PROVIDED MATERIAL
+===+

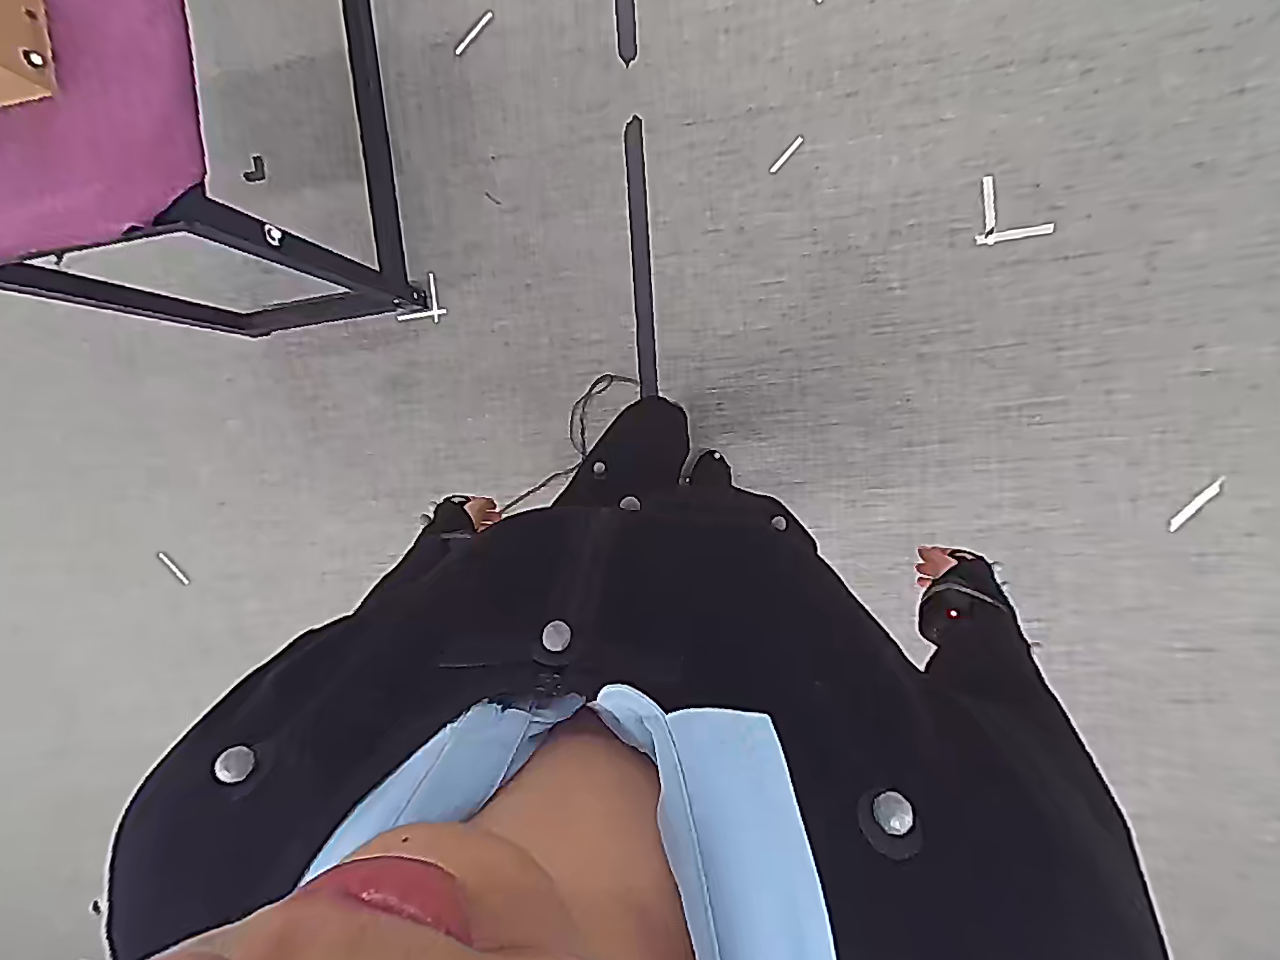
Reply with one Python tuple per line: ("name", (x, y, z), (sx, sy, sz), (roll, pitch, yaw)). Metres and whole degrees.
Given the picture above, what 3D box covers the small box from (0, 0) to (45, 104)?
("small box", (-1.005, -0.664, 0.762), (0.179, 0.176, 0.168), (-4, 94, 9))

+===+

EXERCISE
Would you please set down the data above again exactly, without its pictures?

TASK RESPONSE
Reply with one Python tuple per line: ("name", (x, y, z), (sx, sy, sz), (roll, pitch, yaw)). Metres and whole degrees.
Given the picture above, what 3D box covers the small box from (0, 0) to (45, 104)?
("small box", (-1.005, -0.664, 0.762), (0.179, 0.176, 0.168), (-4, 94, 9))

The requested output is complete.